A unos ochocientos metros de la casa, un par de faros de automóvil venía por el camino que bajaba de las colinas hacia Dornow. Al pie de las colinas apareció otro par de faros que seguía al primero.

– ¿Lo persiguen? -preguntó McConnell, preocupado.

– No es Stern -dijo Anna con voz sorda-. Son las ocho menos diez. Si no lo han atrapado, estará en el poste. Mira la diferencia entre los faros. Es un auto de campaña seguido por un camión de tropas. Dios mío, ya vienen. Seguro que Stern cayó y tal vez Schörner pudo hacerlo cantar.

Arrancó el tubo del hombro de McConnell y lo arrastró hacia el Volkswagen de Greta. Lo dejó en el asiento trasero y tomó cuatro granadas del talego de cuero de Stern.

– ¡Sube al auto! -exclamó-. Tírate al suelo. ¡Rápido!

– ¿Qué diablos piensas hacer?

– Hay un solo camino a la estación transformadora, y es por donde vienen ellos. No podemos pasarlos. Voy a esperar en la puerta para que vengan derecho a mí. Cuando lo hagan, tú…

Le aferró los brazos y la sacudió:

– ¡No te dejaré aquí para que te maten!

– Entonces moriremos los dos en vano.

El suelo ya temblaba al acercarse los pesados vehículos.

– ¡Tiene que haber otra forma!

Anna miró una vez más los faros que se acercaban.

– Está bien -dijo. Dejó las granadas en el asiento delantero. -¡Sígueme! -Corrió al interior de la casa, encendió todas las luces, abrió la puerta del sótano y gritó: -¡Quieta, Sabine! ¡Va a haber disparos! ¡Podrían matarte por error!

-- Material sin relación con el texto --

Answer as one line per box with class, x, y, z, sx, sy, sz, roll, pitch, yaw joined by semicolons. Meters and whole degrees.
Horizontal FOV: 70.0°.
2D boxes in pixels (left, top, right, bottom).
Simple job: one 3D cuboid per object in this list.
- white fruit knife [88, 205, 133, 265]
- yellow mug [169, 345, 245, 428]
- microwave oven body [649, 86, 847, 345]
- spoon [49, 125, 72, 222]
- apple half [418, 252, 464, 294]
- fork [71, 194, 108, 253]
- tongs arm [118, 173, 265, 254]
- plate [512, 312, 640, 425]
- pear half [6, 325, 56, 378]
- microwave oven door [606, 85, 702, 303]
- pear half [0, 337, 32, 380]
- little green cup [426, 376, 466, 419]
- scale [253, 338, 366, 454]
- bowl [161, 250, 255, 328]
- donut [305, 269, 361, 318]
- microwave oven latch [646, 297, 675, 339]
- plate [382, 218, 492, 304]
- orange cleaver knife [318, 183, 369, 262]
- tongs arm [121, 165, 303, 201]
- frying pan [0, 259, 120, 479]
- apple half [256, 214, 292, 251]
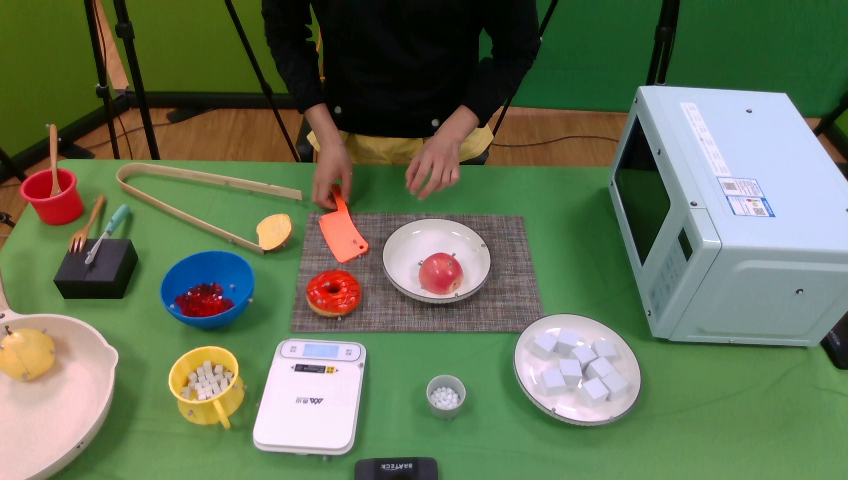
white fruit knife;-0.584;-0.013;1.129;0.016;0.027;0.206;0;32;-5
yellow mug;-0.322;0.230;0.922;0.100;0.064;0.130;-24;53;-25
microwave oven body;0.567;-0.053;1.118;0.326;0.261;0.439;2;45;-1
spoon;-0.718;-0.131;1.189;0.041;0.021;0.193;-4;90;-7
apple half;0.033;0.055;1.109;0.081;0.053;0.074;-28;57;-27
fork;-0.634;-0.036;1.158;0.028;0.019;0.206;-8;32;-8
tongs arm;-0.473;-0.053;1.212;0.386;0.028;0.028;23;57;18
plate;0.246;0.213;0.999;0.208;0.039;0.206;2;46;-2
pear half;-0.608;0.158;0.935;0.076;0.110;0.056;31;51;20
microwave oven door;0.423;-0.094;1.140;0.039;0.245;0.353;2;46;-1
pear half;-0.631;0.184;0.921;0.070;0.088;0.031;29;49;19
little green cup;0.033;0.248;0.950;0.061;0.039;0.061;2;46;-2
scale;-0.175;0.236;0.951;0.149;0.032;0.199;4;45;-1
bowl;-0.362;0.098;1.039;0.151;0.077;0.150;2;45;-2
donut;-0.160;0.094;1.075;0.099;0.048;0.098;4;45;-3
microwave oven latch;0.412;0.134;1.061;0.030;0.029;0.078;4;45;1
plate;0.023;0.042;1.143;0.209;0.038;0.208;2;46;-2
orange cleaver knife;-0.172;-0.038;1.218;0.077;0.012;0.210;-13;51;-16
tongs arm;-0.444;-0.113;1.267;0.384;0.026;0.050;11;51;8
frying pan;-0.647;0.164;0.936;0.307;0.103;0.485;-19;58;-22
apple half;-0.285;-0.011;1.176;0.081;0.033;0.081;-10;60;18

Ante la mirada aturdida de McConnell, cerró la puerta del sótano, abrió un cajón del armario de la cocina y sacó una pistola que él no había visto hasta entonces.

– Stan Wojik me la dio -dijo, y fue hacia el dormitorio.

Una puerta pequeña daba al terreno baldío detrás de la casa. Anna salió primero, bordeó la casa y se arrodilló al llegar a la esquina. McConnell la siguió, demorado por el peso del equipo y el Mauser. Cuando llegó a la esquina, ella corrió hacia el Volkswagen. Él la siguió, sorprendido porque ella fue derecho al asiento del conductor.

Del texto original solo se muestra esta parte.